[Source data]
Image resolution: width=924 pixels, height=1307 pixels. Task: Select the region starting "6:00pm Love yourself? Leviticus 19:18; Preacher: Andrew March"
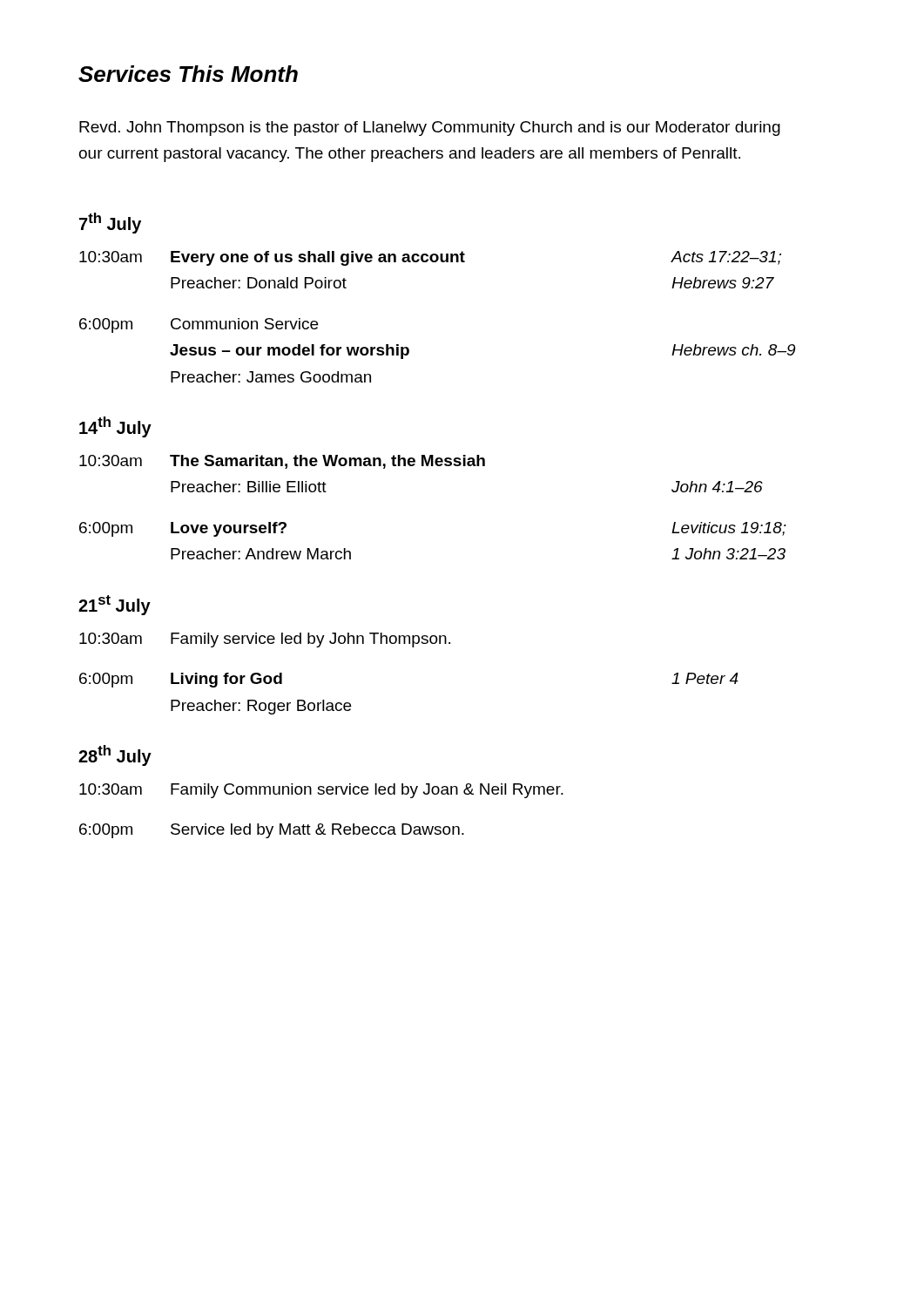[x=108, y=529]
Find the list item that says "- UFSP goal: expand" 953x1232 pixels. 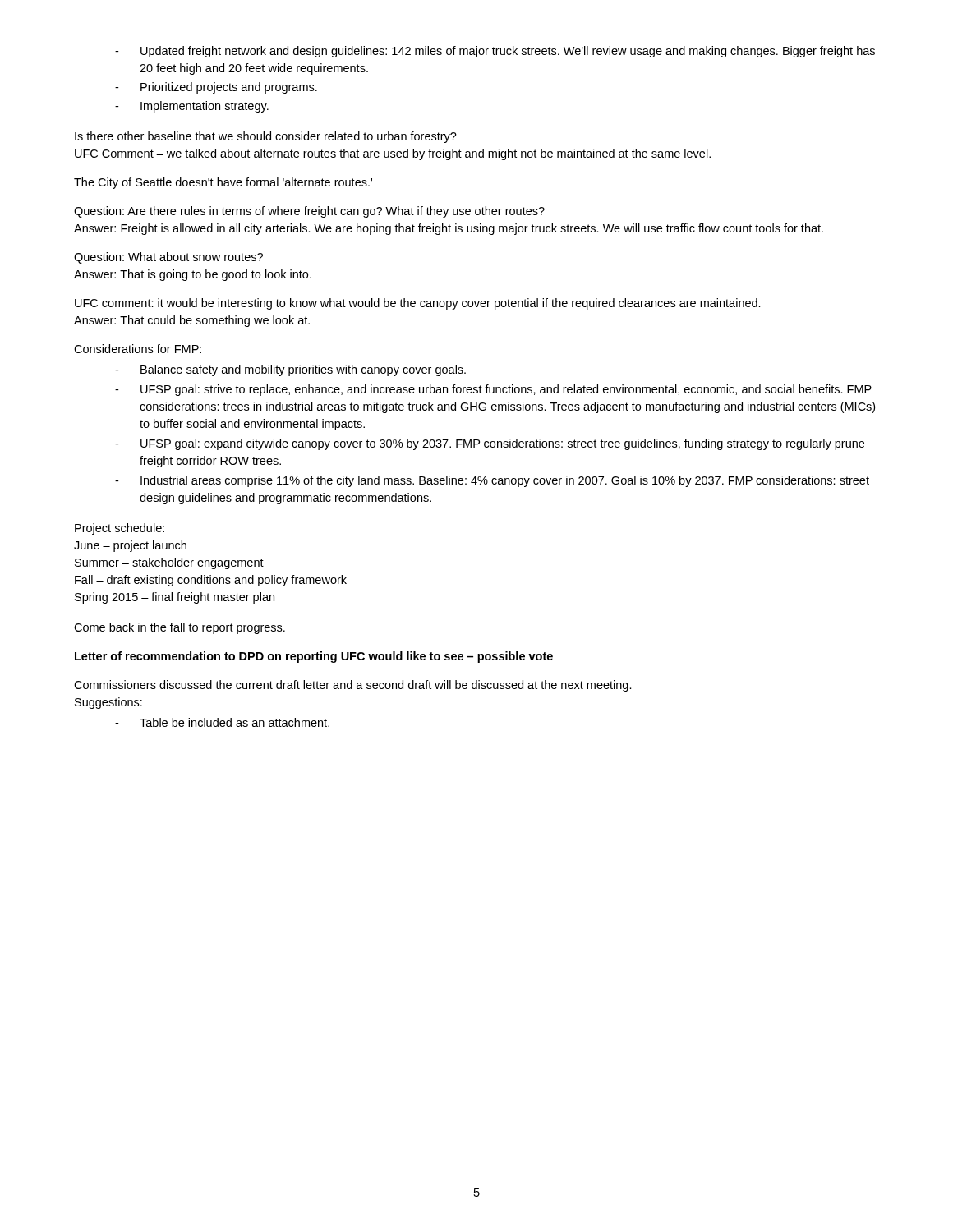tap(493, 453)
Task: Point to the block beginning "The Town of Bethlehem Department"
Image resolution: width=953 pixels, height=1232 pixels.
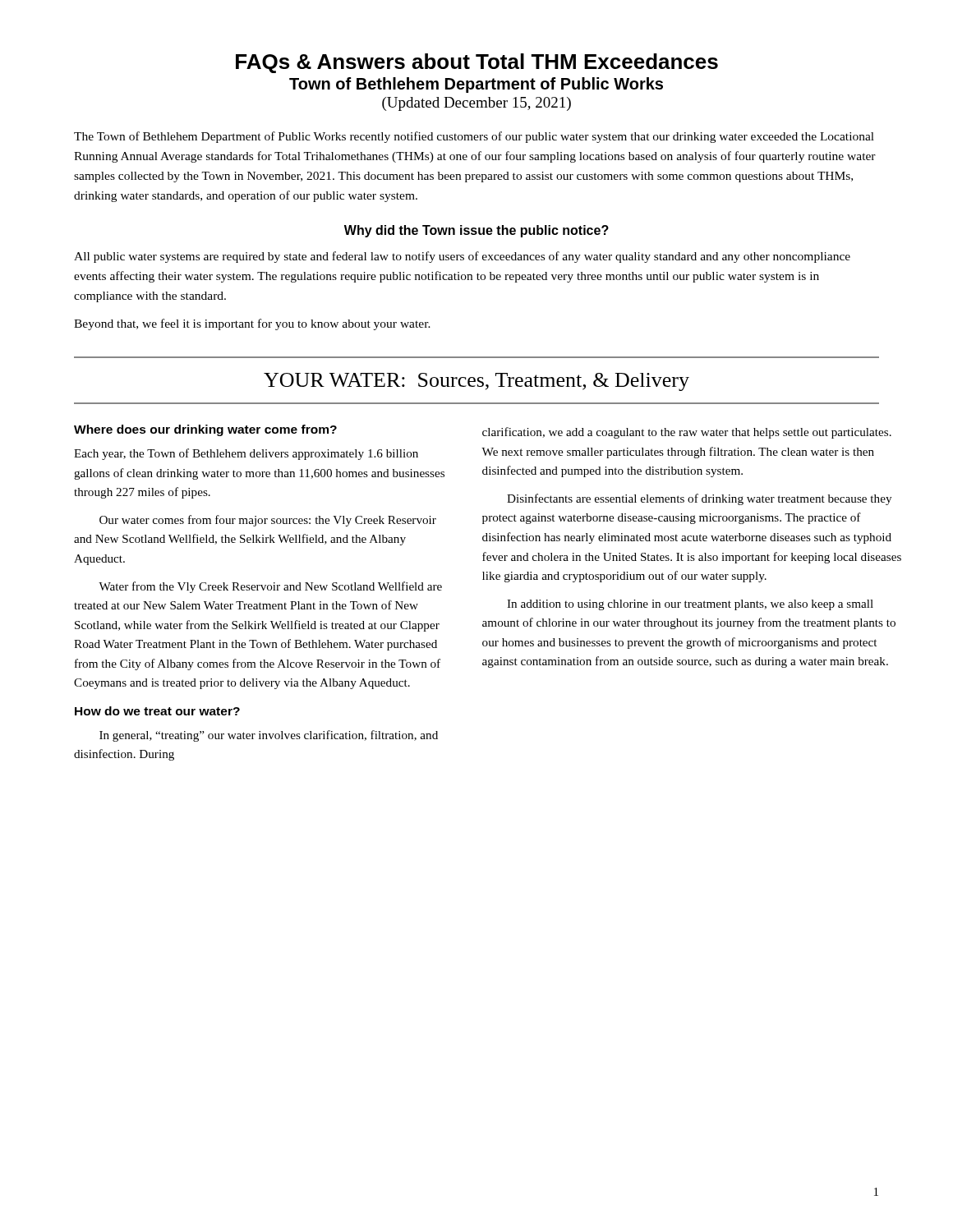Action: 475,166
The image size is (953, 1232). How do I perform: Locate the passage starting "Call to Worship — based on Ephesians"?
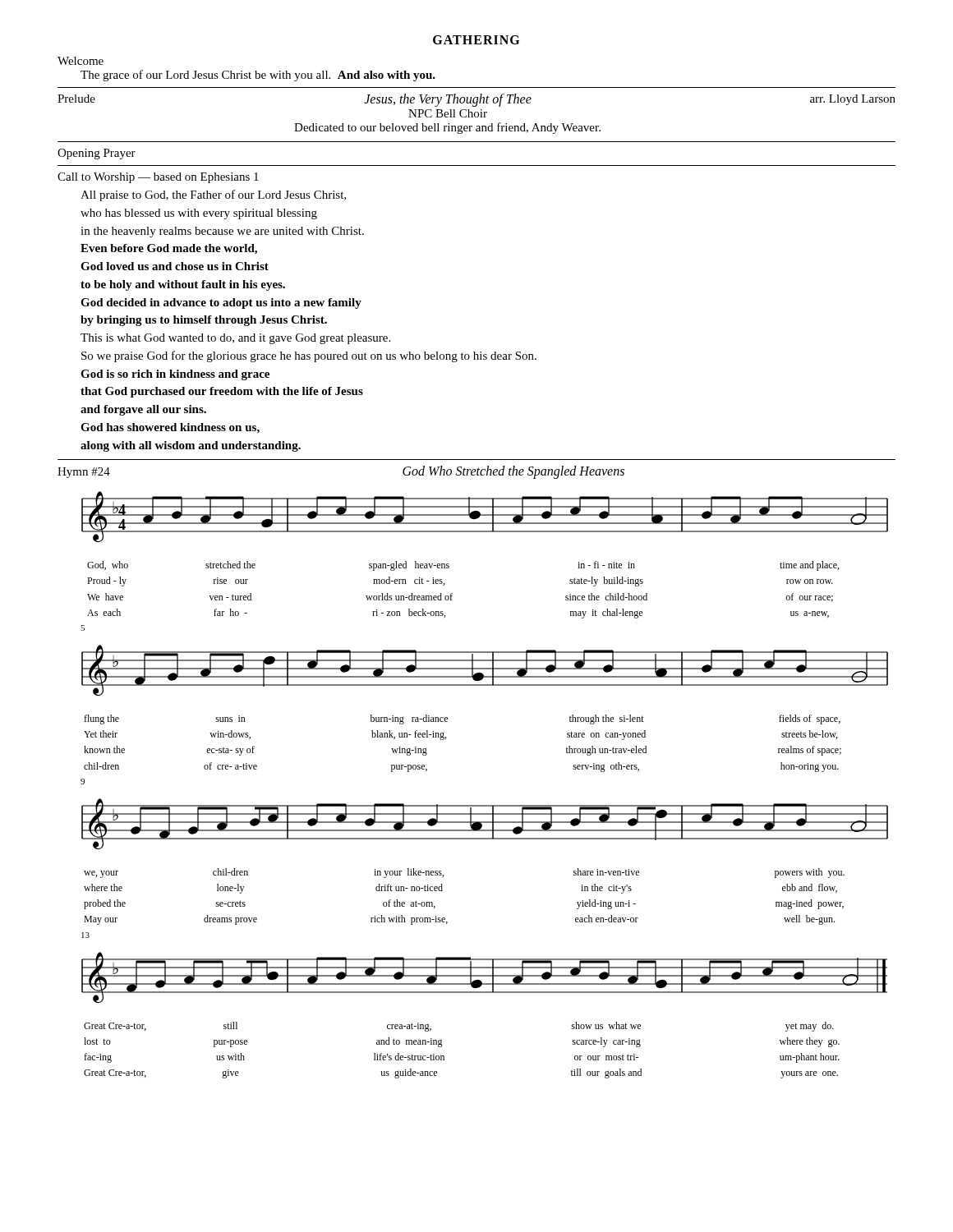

> _Problem to solve_: Would you reproduce the lines from the one with "Task: Point to" through the final line of the data above, exactly and only those, without any pictures?

> _Worked solution_:
Task: Point to the block beginning "The Town of Bethlehem Department"
Image resolution: width=953 pixels, height=1232 pixels.
Action: 475,166
The image size is (953, 1232). How do I perform: Locate the passage starting "Call to Worship — based on Ephesians"?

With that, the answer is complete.